Wire-sizing for delay minimization and ringing control using transmission line model

• Published in: Design, Automation, and Test in Europe Conference and Exhibition 2000 : proceedings, Paris, France, March 27-30, 2000 pp. 512 - 516
• Main Authors: Youxin Gao, Wong, D.F.
• Format: Conference Proceeding
• Language: English
• Published: IEEE 2000
• Subjects: Delay effects; Delay estimation; Equations; Optimization methods; Shape; Transient response; Transmission lines; Voltage; Wire; Wiring
• ISBN: 9780769505374; 0769505376
• DOI: 10.1109/DATE.2000.840833

In this paper, we consider continuous wire-sizing optimization for delay minimization and ringing control.

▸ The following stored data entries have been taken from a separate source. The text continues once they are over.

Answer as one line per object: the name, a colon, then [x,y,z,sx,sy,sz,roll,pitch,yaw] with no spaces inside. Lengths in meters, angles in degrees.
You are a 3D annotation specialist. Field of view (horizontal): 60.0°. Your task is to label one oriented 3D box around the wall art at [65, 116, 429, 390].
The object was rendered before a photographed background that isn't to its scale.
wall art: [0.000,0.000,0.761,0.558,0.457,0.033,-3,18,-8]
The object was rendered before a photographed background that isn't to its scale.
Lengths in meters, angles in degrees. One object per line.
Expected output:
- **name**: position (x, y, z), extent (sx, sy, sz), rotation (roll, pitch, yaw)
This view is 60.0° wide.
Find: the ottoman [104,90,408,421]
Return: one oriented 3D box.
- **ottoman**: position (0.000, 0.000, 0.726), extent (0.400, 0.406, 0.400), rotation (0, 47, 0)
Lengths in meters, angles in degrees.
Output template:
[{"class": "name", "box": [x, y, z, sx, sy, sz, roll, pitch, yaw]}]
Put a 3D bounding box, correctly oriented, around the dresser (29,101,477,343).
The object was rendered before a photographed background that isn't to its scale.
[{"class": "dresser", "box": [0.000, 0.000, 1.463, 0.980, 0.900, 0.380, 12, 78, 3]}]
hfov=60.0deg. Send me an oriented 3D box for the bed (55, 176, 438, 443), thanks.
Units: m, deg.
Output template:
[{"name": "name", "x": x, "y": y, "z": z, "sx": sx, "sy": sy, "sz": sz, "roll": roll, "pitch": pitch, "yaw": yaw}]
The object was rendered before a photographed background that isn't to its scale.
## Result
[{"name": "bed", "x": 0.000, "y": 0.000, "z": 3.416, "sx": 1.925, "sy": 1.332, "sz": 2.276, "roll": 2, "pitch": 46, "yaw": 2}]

The optimization is based on a fast and accurate delay estimation method under a finite ramp input, where an analytical expression is also derived to estimate overshoot/undershoot voltage. In this paper we specify the wire shape to be of the form f(x)=ae/sup -bx/, since previous studies under the Elmore delay model suggest that exponential wire shape is effective for delay minimization. The relevant transmission line equations are solved by using the Picard-Carson method. The transient response in the time domain is derived as a function of a and b. The coefficients a and b are then determined such that either the actual delay (50% delay) is minimized, or the wiring area is minimized subject to a delay bound. At the same time, the overshoot/undershoot voltage is bounded to prevent false switching. Our method for delay estimation is very efficient. In all the experiments we performed, it is far more accurate than the Elmore delay model and the estimated delay values are very close to SPICE's results. We also find that in determining the optimal shape which minimizes delay, the Elmore delay model performs as good as our method in terms of the minimum actual delay it achieves, i.e. the Elmore delay model has high fidelity. However, in determining the optimal shape which minimizes area subject to a delay bound the Elmore delay model performs much worse than our method. We also find that the constraint for overshoot/undershoot control does affect optimization results for both delay and area minimization objectives.